O lar de todas as bolhas
A importância da euforia em torno da IA, especialmente para os EUA, mas também para toda a economia global, é inegável. O economista de Harvard, Jason Furman, concluiu que, no primeiro semestre de 2025, 92% do crescimento do PIB dos EUA foi atribuído a investimentos em infraestrutura de IA. O setor da construção civil, em particular, se beneficia diretamente. Em 2024, um valor recorde de US$ 180 bilhões em investimentos em infraestrutura foi destinado à construção de data centers de IA.
A expansão das capacidades das usinas de energia que abastecem esses novos consumidores de energia também gera empregos e lucros em setores convencionais. Se o consumo mundial de energia elétrica dos centros de dados de IA era de 50 bilhões de quilowatts-hora em 2023, ele deve multiplicar-se para 550 bilhões até 2030 – um desastre para a proteção climática, mas uma bênção para o produto interno bruto.
Assim que os sonhos da IA se dissiparem, os EUA não perderão apenas seu único motor de crescimento restante, como também é provável que ocorra uma reação em cadeia nos mercados financeiros. Há também o risco de uma reação em cadeia nos mercados financeiros. O ponto de partida mais provável são os bancos paralelos, como os fundos de investimento. Esse segmento não regulamentado do sistema financeiro cresceu enormemente nos últimos anos e contribuiu significativamente para financiar a euforia em torno da IA. Ele seria, assim, o mais afetado por um revés. Em seu Relatório de Estabilidade Financeira Global, publicado em outubro, o FMI mostra-se preocupado com essa questão. O relatório não apenas alerta para o risco de “correções bruscas do mercado” nas ações de IA, mas também para o fato de que os bancos paralelos podem ficar em apuros. Isso, por sua vez, funcionaria como uma reação em cadeia.

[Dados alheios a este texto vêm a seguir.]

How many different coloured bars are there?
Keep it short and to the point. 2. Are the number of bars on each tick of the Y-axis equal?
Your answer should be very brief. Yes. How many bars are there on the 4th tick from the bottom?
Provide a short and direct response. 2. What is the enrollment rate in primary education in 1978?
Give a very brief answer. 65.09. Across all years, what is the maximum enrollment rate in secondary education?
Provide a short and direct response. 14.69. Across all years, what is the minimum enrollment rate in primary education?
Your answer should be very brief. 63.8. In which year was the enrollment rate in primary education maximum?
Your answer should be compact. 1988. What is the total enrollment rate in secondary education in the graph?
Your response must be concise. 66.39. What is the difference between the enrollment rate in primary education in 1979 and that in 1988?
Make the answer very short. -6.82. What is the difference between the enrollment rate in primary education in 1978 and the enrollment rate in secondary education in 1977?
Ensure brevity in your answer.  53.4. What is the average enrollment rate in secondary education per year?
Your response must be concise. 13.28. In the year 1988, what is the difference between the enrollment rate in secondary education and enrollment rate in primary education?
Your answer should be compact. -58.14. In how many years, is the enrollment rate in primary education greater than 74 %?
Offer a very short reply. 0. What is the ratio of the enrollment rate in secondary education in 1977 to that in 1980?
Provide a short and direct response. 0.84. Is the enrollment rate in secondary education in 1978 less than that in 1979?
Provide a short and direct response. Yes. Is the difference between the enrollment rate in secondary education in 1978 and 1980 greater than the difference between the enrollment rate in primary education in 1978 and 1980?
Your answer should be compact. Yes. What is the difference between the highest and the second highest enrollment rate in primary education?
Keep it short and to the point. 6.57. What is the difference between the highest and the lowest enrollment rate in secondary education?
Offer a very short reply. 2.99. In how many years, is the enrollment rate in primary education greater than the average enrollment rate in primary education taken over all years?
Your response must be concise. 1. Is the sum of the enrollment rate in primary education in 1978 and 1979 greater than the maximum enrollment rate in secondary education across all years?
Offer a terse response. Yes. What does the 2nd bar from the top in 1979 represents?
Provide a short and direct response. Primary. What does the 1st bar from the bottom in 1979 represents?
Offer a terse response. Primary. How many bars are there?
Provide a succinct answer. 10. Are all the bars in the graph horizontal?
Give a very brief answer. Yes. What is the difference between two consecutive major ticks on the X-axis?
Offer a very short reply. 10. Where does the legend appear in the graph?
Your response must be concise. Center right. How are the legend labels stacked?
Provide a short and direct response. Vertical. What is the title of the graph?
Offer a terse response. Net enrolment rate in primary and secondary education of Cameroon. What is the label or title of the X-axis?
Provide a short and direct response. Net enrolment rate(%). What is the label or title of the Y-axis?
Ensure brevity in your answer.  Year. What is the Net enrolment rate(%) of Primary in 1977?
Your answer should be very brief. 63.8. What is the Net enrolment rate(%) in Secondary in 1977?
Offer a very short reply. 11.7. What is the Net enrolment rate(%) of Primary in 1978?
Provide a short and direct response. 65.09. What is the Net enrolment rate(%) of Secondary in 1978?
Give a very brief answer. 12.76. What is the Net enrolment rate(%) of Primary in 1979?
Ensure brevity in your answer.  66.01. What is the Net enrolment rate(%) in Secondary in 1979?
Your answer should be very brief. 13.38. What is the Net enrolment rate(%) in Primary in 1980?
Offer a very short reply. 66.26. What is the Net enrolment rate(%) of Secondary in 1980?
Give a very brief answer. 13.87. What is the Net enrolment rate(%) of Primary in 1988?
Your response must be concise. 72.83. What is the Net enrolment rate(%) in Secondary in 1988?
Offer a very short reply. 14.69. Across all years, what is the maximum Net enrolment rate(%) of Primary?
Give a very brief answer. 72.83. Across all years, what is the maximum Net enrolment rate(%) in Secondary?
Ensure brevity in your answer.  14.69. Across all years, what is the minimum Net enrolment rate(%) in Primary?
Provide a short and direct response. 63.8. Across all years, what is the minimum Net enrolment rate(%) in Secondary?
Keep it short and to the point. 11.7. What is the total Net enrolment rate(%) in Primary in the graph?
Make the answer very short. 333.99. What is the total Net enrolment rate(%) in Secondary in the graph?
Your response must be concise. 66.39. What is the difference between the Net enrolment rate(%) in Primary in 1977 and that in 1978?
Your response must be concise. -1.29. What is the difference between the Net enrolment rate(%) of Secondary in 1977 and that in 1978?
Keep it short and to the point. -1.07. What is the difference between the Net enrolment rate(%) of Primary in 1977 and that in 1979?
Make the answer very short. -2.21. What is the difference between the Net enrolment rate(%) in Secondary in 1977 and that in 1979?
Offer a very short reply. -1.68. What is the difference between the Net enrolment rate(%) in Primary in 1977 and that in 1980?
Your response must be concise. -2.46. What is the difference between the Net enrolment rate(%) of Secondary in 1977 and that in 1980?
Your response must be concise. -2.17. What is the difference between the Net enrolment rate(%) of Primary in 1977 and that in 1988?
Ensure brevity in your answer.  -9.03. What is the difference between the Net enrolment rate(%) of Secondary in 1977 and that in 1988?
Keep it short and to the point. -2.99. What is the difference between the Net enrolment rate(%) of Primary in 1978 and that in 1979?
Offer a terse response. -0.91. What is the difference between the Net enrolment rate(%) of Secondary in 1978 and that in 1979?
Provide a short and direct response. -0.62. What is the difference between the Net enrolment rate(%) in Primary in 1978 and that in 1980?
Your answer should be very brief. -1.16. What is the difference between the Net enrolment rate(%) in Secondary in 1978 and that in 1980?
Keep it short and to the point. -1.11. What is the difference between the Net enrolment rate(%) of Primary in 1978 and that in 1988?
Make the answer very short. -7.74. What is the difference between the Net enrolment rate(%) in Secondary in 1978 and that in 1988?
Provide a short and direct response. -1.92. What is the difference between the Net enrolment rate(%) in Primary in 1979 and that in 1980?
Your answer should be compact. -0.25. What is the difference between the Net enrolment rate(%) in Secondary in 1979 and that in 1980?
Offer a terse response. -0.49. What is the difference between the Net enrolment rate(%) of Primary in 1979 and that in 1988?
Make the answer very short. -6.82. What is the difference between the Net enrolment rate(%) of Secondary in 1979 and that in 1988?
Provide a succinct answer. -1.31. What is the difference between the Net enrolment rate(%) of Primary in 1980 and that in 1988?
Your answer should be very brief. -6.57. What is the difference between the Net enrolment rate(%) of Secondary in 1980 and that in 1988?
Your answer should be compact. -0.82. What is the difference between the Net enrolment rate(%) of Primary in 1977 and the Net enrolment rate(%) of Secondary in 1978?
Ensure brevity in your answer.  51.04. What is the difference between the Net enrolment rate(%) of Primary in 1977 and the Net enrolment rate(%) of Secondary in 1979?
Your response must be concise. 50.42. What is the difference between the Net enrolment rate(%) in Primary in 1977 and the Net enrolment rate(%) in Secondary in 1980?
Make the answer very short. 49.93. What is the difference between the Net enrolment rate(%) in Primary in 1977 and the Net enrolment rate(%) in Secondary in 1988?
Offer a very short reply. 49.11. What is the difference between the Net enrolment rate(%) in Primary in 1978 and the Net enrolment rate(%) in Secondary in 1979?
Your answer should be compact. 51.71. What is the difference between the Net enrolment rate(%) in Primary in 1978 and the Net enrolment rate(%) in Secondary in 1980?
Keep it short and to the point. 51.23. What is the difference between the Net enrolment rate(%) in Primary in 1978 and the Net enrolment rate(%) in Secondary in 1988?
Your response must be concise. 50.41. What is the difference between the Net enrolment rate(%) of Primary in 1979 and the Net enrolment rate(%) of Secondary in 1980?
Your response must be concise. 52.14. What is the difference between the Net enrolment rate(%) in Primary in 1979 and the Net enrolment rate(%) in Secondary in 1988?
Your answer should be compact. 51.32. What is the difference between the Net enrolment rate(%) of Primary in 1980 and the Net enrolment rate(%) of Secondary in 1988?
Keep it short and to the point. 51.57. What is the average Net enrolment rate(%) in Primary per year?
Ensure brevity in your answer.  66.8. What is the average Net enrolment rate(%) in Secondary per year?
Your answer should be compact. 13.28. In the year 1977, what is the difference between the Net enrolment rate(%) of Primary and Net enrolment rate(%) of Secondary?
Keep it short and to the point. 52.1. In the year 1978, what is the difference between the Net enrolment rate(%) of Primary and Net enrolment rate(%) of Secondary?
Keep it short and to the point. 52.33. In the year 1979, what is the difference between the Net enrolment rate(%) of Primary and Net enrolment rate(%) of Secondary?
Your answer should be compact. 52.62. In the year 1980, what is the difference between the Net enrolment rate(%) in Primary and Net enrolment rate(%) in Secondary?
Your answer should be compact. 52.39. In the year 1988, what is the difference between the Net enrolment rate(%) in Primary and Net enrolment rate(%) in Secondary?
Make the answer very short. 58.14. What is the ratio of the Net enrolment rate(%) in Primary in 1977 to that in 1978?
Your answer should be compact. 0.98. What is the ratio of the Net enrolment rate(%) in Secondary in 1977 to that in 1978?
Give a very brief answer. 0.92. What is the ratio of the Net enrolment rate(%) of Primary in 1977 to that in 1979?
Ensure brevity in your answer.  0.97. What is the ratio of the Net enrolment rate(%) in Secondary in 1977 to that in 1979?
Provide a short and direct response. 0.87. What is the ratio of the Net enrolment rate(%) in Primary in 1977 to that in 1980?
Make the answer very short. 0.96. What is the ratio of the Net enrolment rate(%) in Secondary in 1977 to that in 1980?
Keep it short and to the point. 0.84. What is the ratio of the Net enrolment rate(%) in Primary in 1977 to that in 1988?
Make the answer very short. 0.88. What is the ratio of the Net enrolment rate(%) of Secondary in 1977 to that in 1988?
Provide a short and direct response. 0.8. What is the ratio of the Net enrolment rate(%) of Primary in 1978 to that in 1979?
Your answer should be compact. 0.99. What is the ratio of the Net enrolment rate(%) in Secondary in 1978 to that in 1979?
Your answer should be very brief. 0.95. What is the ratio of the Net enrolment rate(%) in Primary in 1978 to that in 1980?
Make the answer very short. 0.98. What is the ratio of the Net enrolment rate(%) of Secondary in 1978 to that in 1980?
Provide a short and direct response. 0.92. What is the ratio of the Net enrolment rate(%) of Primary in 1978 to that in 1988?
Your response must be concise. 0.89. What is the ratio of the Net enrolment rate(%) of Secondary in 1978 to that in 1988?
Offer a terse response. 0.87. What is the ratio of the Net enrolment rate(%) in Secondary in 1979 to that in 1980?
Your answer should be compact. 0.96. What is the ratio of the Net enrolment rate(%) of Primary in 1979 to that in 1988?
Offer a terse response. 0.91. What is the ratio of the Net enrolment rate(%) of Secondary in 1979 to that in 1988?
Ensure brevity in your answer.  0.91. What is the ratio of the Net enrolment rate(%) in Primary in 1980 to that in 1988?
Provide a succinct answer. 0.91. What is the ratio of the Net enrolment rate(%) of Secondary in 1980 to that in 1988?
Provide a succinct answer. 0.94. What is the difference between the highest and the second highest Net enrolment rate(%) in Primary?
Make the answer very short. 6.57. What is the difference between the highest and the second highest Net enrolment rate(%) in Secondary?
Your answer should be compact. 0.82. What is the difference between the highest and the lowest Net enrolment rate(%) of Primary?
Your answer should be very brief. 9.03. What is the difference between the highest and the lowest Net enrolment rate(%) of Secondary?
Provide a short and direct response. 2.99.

O estouro da bolha da IA não afetaria apenas um setor econômico, mas provocaria uma crise generalizada. Isso se aplica, em primeiro lugar, à terra natal dos gigantes da tecnologia. Na era do capitalismo impulsionado pela dinâmica dos mercados financeiros, os EUA já provocaram duas crises que abalaram a economia mundial: o estouro da bolha da internet e a grande crise financeira de 2008. Em ambos os casos, a recessão foi superada pelo surgimento de bolhas ainda maiores nos EUA, que fizeram a economia mundial retomar o crescimento. Com o estouro da bolha da IA, porém, o papel dos EUA como “lar de todas as bolhas globais” pode chegar ao fim.